Now, to your particular example, we must pick a point $p$ in $S^3$, pick charts around both $p$ and $\pi(p)$, and then compute the corresponding map from $\mathbb{R}^3$ to $\mathbb{R}^2$.
First, using the map from wikipedia, we have $$\pi(z_1, z_2) = \left(2\Re(z_1 \overline{z_2}),\, 2\Im(z_1\overline{z_2}),\, |z_1|^2 - |z_2|^2 \right).$$
First note that $\pi(z_1,z_2)$ really is an element of $S^2$ with this definition.
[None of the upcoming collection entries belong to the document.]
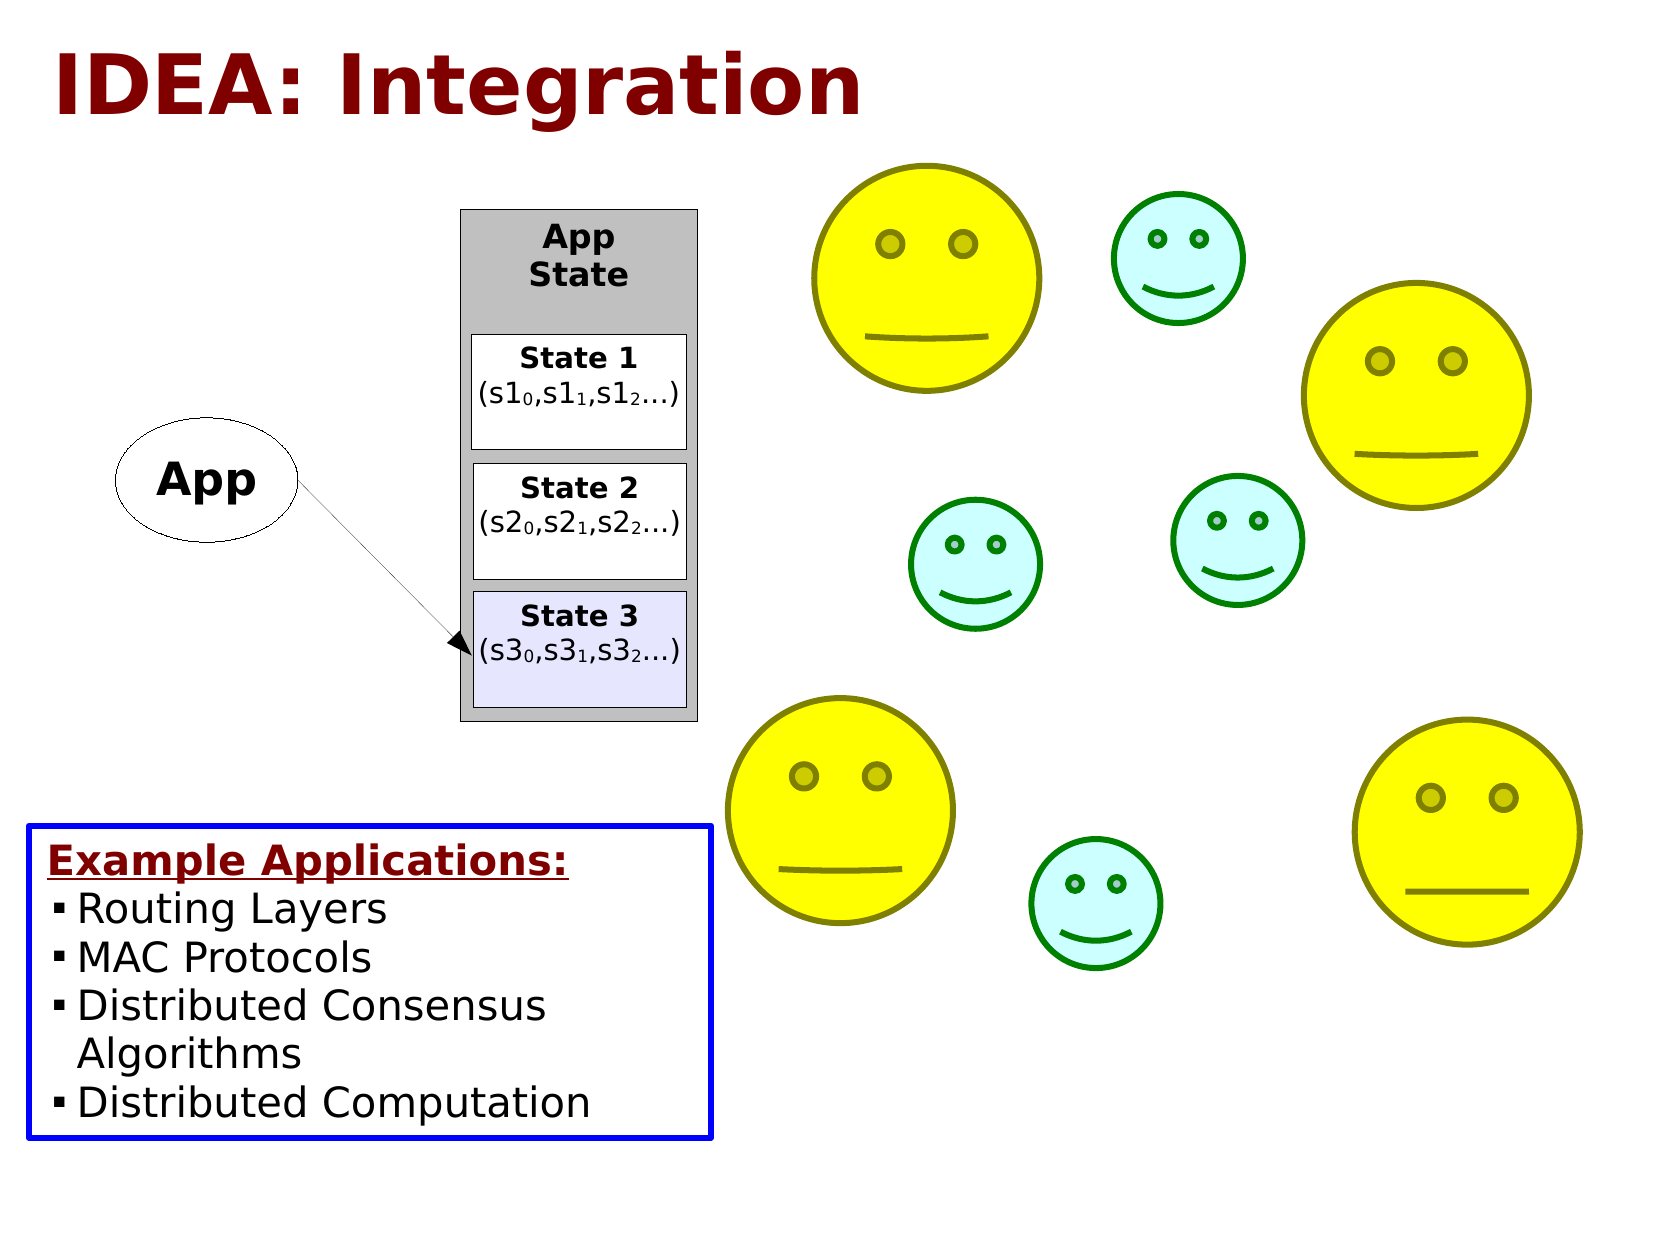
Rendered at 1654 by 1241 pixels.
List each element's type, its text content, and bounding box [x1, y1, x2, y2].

text_box State 1 (s10,s11,s12...) [471, 334, 687, 450]
text_box [911, 499, 1041, 629]
text_box State 2 (s20,s21,s22...) [473, 463, 687, 580]
text_box App [115, 417, 298, 543]
text_box [1354, 719, 1580, 945]
text_box [814, 165, 1040, 391]
text_box Example Applications: Routing Layers MAC Protocols Distributed Consensus Algorithms Distributed Computation [28, 825, 712, 1138]
text_box [1113, 193, 1243, 324]
text_box [1173, 475, 1303, 605]
text_box App State [460, 209, 698, 722]
title IDEA: Integration [52, 0, 1654, 173]
text_box State 3 (s30,s31,s32...) [473, 591, 687, 708]
text_box [727, 698, 953, 924]
text_box [1031, 839, 1161, 969]
text_box [1303, 282, 1529, 508]

This follows because \begin{align} |\pi(z_1,z_2)| &= 4\Re(z_1\overline{z_2})^2 + 4\Im(z_1\overline{z_2})^2 + \left(|z_1|^2 - |z_2|^2\right)^2\\ &= 4|z_1\overline{z_2}|^2 + |z_1|^4 -2|z_1|^2|z_2|^2 + |z_2|^4\\ &= |z_1|^4 + 2|z_1|^2|z_2|^2 + |z_2|^4\\ &= (|z_1|^2 + |z_2|^2)^2 \\ &= 1.\end{align}
Now, to check smoothness, instead of using complex number "coordinates" on $S^3$, I'm going to use regular good old fashioned $(x_1, x_2, x_3, x_4)$ where $z_1 = x_1 + i x_2$ and $z_2 = x_3 + i x_4$ and, of course, $\sum x_i^2 = 1$.
With these "coordinates", $\pi$ looks like $$\pi(x_1,x_2,x_3, x_4) = (2x_1x_3 +2x_2x_4, \,2x_2 x_3 - 2x_1 x_4,\, x_1^2 + x_2^2 - x_3^3 - x_4^2).$$
Now, choose any point $p = (x_1, x_2, x_3, x_4)\in S^3$ where we'll assume that $p$ is not the north pole of $S^3$, meaning, say, $x_4\neq 1$. We will also assume that $\pi(p)$ is not the north pole of $S^2$. With these assumptions, we can use $\varphi = \sigma^3_N$ on $S^3$ and $\rho = \sigma^2_N$ on $S^2$. (The superscripts on the $\sigma$s refer to which sphere they're defined on.)
Then (according to wikipedia) $$\varphi^{-1}(x_1, x_2, x_3) = \frac{1}{1+x_1^2 + x_2^2 + x_3^2}(2x_1,\, 2x_2,\, 2x_3,\, x_1^2 + x_2^2 + x_3^2 - 1).$$
Now, I'll leave it to you to actually compute $\rho \circ \pi \circ \varphi^{-1}$. This ends up being a map from $\mathbb{R}^3$ to $\mathbb{R}^2$ which is a rational function in each coordinate. I will also leave it to you to show that, perhaps after shrinking the chart around $p$, the denominator of each rational function is always nonzero, so that $\rho \circ \pi circ \varphi^{-1}$ is actually smooth. Then, by definition, $\pi$ is smooth at the point $p$.
To finish up this example, one should remove the assumptions that both $p$ and $f(p)$ are not their respective north poles. To remove these assumptions, use the other charts $\sigma_S^3$ and $\sigma_S^2$.